I was turned on to vadouvan's charms after a Pakistani food writer friend, spying an unopened canister in my kitchen, snapped it up to sprinkle onto scallops he was about to sizzle in a pan. They were gorgeous. I encountered them again in this killer tandoori-style carrots recipe and used them to steal the show at a dinner party.

So here are two great ways to use vadouvan. Be forewarned that, unless you don gloves, your fingers will likely be coated in gold for a good 24 hours. (As is true of garlic, it's nigh impossible to shake.) But don't worry about it. Think of it as the Midas touch.

① Golden scallops. Using a paper towel, pat the scallops as dry as possible. Gently press each side of each scallop into the golden vadouvan to adhere it. Fry the scallops over high heat in hot (but not smoking) grapeseed or olive oil until golden on each side. Serve immediately with lemon wedges.

② Golden eggplant.

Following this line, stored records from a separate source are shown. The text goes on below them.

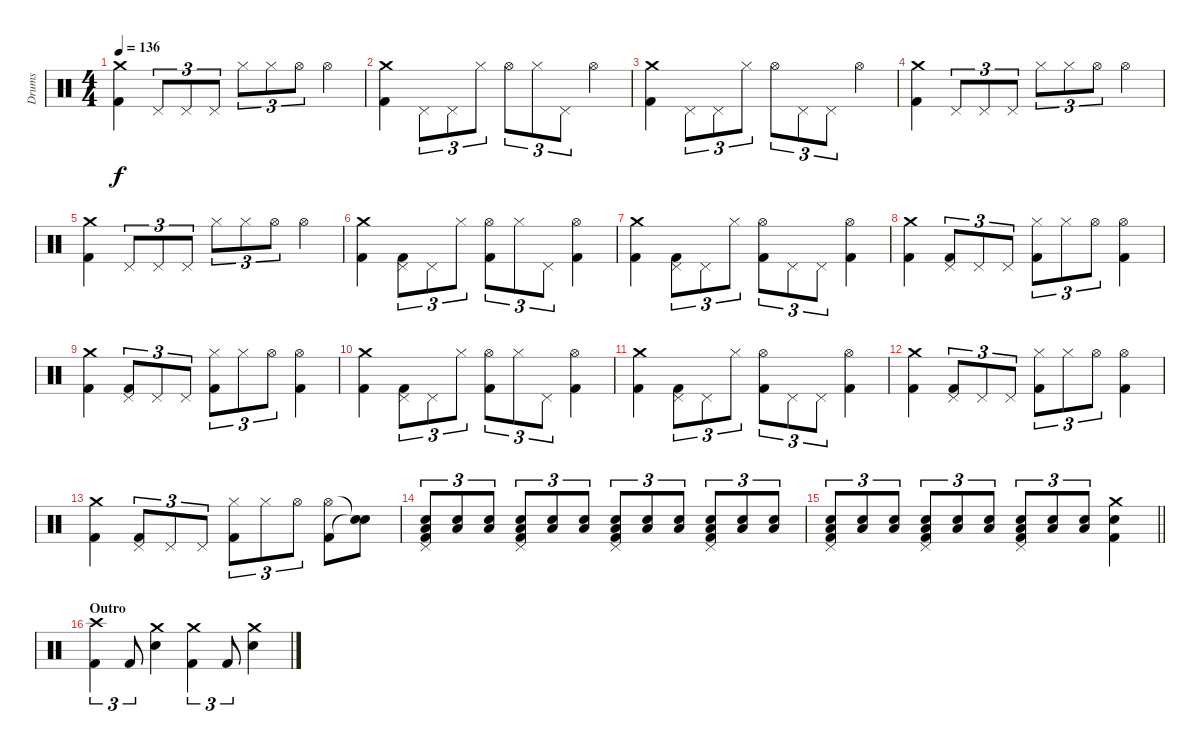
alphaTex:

\track ("Drums" "Drums") {instrument percussion}
\staff {score}
\articulation defaults
\ts (4 4)
\tempo 136
\clef neutral
\ks c
("Crash medium (hit)" "Kick (hit) 2").4{dy f} "Pedal Hi-Hat (hit)".8{tu (3 2)} "Pedal Hi-Hat (hit)".8{tu (3 2)} "Pedal Hi-Hat (hit)".8{tu (3 2)} "Hi-Hat (closed)".8{tu (3 2)} "Hi-Hat (closed)".8{tu (3 2)} "Hi-Hat (open)".8{tu (3 2)} "Hi-Hat (open)".4 |
("Crash medium (hit)" "Kick (hit) 2").4 "Pedal Hi-Hat (hit)".8{tu (3 2)} "Pedal Hi-Hat (hit)".8{tu (3 2)} "Hi-Hat (closed)".8{tu (3 2)} "Hi-Hat (open)".8{tu (3 2)} "Hi-Hat (closed)".8{tu (3 2)} "Pedal Hi-Hat (hit)".8{tu (3 2)} "Hi-Hat (open)".4 |
("Crash medium (hit)" "Kick (hit) 2").4 "Pedal Hi-Hat (hit)".8{tu (3 2)} "Pedal Hi-Hat (hit)".8{tu (3 2)} "Hi-Hat (closed)".8{tu (3 2)} "Hi-Hat (open)".8{tu (3 2)} "Pedal Hi-Hat (hit)".8{tu (3 2)} "Pedal Hi-Hat (hit)".8{tu (3 2)} "Hi-Hat (open)".4 |
("Crash medium (hit)" "Kick (hit) 2").4 "Pedal Hi-Hat (hit)".8{tu (3 2)} "Pedal Hi-Hat (hit)".8{tu (3 2)} "Pedal Hi-Hat (hit)".8{tu (3 2)} "Hi-Hat (closed)".8{tu (3 2)} "Hi-Hat (closed)".8{tu (3 2)} "Hi-Hat (open)".8{tu (3 2)} "Hi-Hat (open)".4 |
("Crash medium (hit)" "Kick (hit) 2").4 "Pedal Hi-Hat (hit)".8{tu (3 2)} "Pedal Hi-Hat (hit)".8{tu (3 2)} "Pedal Hi-Hat (hit)".8{tu (3 2)} "Hi-Hat (closed)".8{tu (3 2)} "Hi-Hat (closed)".8{tu (3 2)} "Hi-Hat (open)".8{tu (3 2)} "Hi-Hat (open)".4 |
("Crash medium (hit)" "Kick (hit) 2").4 ("Pedal Hi-Hat (hit)" "Kick (hit) 2").8{tu (3 2)} "Pedal Hi-Hat (hit)".8{tu (3 2)} "Hi-Hat (closed)".8{tu (3 2)} ("Hi-Hat (open)" "Kick (hit) 2").8{tu (3 2)} "Hi-Hat (closed)".8{tu (3 2)} "Pedal Hi-Hat (hit)".8{tu (3 2)} ("Hi-Hat (open)" "Kick (hit) 2").4 |
("Crash medium (hit)" "Kick (hit) 2").4 ("Pedal Hi-Hat (hit)" "Kick (hit) 2").8{tu (3 2)} "Pedal Hi-Hat (hit)".8{tu (3 2)} "Hi-Hat (closed)".8{tu (3 2)} ("Hi-Hat (open)" "Kick (hit) 2").8{tu (3 2)} "Pedal Hi-Hat (hit)".8{tu (3 2)} "Pedal Hi-Hat (hit)".8{tu (3 2)} ("Hi-Hat (open)" "Kick (hit) 2").4 |
("Crash medium (hit)" "Kick (hit) 2").4 ("Pedal Hi-Hat (hit)" "Kick (hit) 2").8{tu (3 2)} "Pedal Hi-Hat (hit)".8{tu (3 2)} "Pedal Hi-Hat (hit)".8{tu (3 2)} ("Hi-Hat (closed)" "Kick (hit) 2").8{tu (3 2)} "Hi-Hat (closed)".8{tu (3 2)} "Hi-Hat (open)".8{tu (3 2)} ("Hi-Hat (open)" "Kick (hit) 2").4 |
("Crash medium (hit)" "Kick (hit) 2").4 ("Pedal Hi-Hat (hit)" "Kick (hit) 2").8{tu (3 2)} "Pedal Hi-Hat (hit)".8{tu (3 2)} "Pedal Hi-Hat (hit)".8{tu (3 2)} ("Hi-Hat (closed)" "Kick (hit) 2").8{tu (3 2)} "Hi-Hat (closed)".8{tu (3 2)} "Hi-Hat (open)".8{tu (3 2)} ("Hi-Hat (open)" "Kick (hit) 2").4 |
("Crash medium (hit)" "Kick (hit) 2").4 ("Pedal Hi-Hat (hit)" "Kick (hit) 2").8{tu (3 2)} "Pedal Hi-Hat (hit)".8{tu (3 2)} "Hi-Hat (closed)".8{tu (3 2)} ("Hi-Hat (open)" "Kick (hit) 2").8{tu (3 2)} "Hi-Hat (closed)".8{tu (3 2)} "Pedal Hi-Hat (hit)".8{tu (3 2)} ("Hi-Hat (open)" "Kick (hit) 2").4 |
("Crash medium (hit)" "Kick (hit) 2").4 ("Pedal Hi-Hat (hit)" "Kick (hit) 2").8{tu (3 2)} "Pedal Hi-Hat (hit)".8{tu (3 2)} "Hi-Hat (closed)".8{tu (3 2)} ("Hi-Hat (open)" "Kick (hit) 2").8{tu (3 2)} "Pedal Hi-Hat (hit)".8{tu (3 2)} "Pedal Hi-Hat (hit)".8{tu (3 2)} ("Hi-Hat (open)" "Kick (hit) 2").4 |
("Crash medium (hit)" "Kick (hit) 2").4 ("Pedal Hi-Hat (hit)" "Kick (hit) 2").8{tu (3 2)} "Pedal Hi-Hat (hit)".8{tu (3 2)} "Pedal Hi-Hat (hit)".8{tu (3 2)} ("Hi-Hat (closed)" "Kick (hit) 2").8{tu (3 2)} "Hi-Hat (closed)".8{tu (3 2)} "Hi-Hat (open)".8{tu (3 2)} ("Hi-Hat (open)" "Kick (hit) 2").4 |
("Crash medium (hit)" "Kick (hit) 2").4 ("Pedal Hi-Hat (hit)" "Kick (hit) 2").8{tu (3 2)} "Pedal Hi-Hat (hit)".8{tu (3 2)} "Pedal Hi-Hat (hit)".8{tu (3 2)} ("Hi-Hat (closed)" "Kick (hit) 2").8{tu (3 2)} "Hi-Hat (closed)".8{tu (3 2)} "Hi-Hat (open)".8{tu (3 2)} ("Hi-Hat (open)" "Kick (hit) 2").8 ("Snare (hit)"{t} "Snare (hit)"{t}).8{volume 6} |
("Pedal Hi-Hat (hit)" "Low Tom (hit)" "Snare (hit) 2" "Kick (hit) 2").8{tu (3 2) volume 13} ("Low Tom (hit)" "Snare (hit) 2").8{tu (3 2)} ("Low Tom (hit)" "Snare (hit) 2").8{tu (3 2)} ("Pedal Hi-Hat (hit)" "Low Tom (hit)" "Snare (hit) 2" "Kick (hit) 2").8{tu (3 2)} ("Low Tom (hit)" "Snare (hit) 2").8{tu (3 2)} ("Low Tom (hit)" "Snare (hit) 2").8{tu (3 2)} ("Pedal Hi-Hat (hit)" "Low Tom (hit)" "Snare (hit) 2" "Kick (hit) 2").8{tu (3 2)} ("Low Tom (hit)" "Snare (hit) 2").8{tu (3 2)} ("Low Tom (hit)" "Snare (hit) 2").8{tu (3 2)} ("Pedal Hi-Hat (hit)" "Low Tom (hit)" "Snare (hit) 2" "Kick (hit) 2").8{tu (3 2)} ("Low Tom (hit)" "Snare (hit) 2").8{tu (3 2)} ("Low Tom (hit)" "Snare (hit) 2").8{tu (3 2)} |
\barLineRight lightlight
("Pedal Hi-Hat (hit)" "Low Tom (hit)" "Snare (hit) 2" "Kick (hit) 2").8{tu (3 2)} ("Low Tom (hit)" "Snare (hit) 2").8{tu (3 2)} ("Low Tom (hit)" "Snare (hit) 2").8{tu (3 2)} ("Pedal Hi-Hat (hit)" "Low Tom (hit)" "Snare (hit) 2" "Kick (hit) 2").8{tu (3 2)} ("Low Tom (hit)" "Snare (hit) 2").8{tu (3 2)} ("Low Tom (hit)" "Snare (hit) 2").8{tu (3 2)} ("Pedal Hi-Hat (hit)" "Low Tom (hit)" "Snare (hit) 2" "Kick (hit) 2").8{tu (3 2)} ("Low Tom (hit)" "Snare (hit) 2").8{tu (3 2)} ("Low Tom (hit)" "Snare (hit) 2").8{tu (3 2)} ("Crash medium (hit)" "Snare (hit) 2" "Kick (hit) 2").4 |
\section ("" "Outro")
("Crash high (hit)" "Kick (hit) 2").4{tu (3 2)} "Kick (hit) 2".8{tu (3 2)} ("Crash medium (hit)" "Snare (hit) 2").4 ("Crash medium (hit)" "Kick (hit) 2").4{tu (3 2)} "Kick (hit) 2".8{tu (3 2)} ("Crash medium (hit)" "Snare (hit) 2").4

Buy in-season eggplant (we like the striated Fairy Tale varietal, if you see it). Cut the eggplant into half-inch coins. Line a colander with them. Using kosher salt, season the eggplant generously on one side. Wait five to 10 minutes, until the eggplant is glistening with water. Pat dry, flip and repeat on the other side. Meanwhile, whisk half a cup of Greek yogurt with half a lemon's worth of juice and one large minced garlic clove, and set aside. Press each coin of eggplant into a flat plate containing three tablespoons of golden vadouvan; flip and repeat. Set aside. Add two tablespoons of olive oil to a skillet set over medium-high heat. When the oil is shimmering but not smoking, add the eggplant to the pan without crowding. (You may have to fry in batches.) Remove them from the pan, drizzle them with the yogurt mixture and garnish with chopped fresh cilantro or parsley. Serve.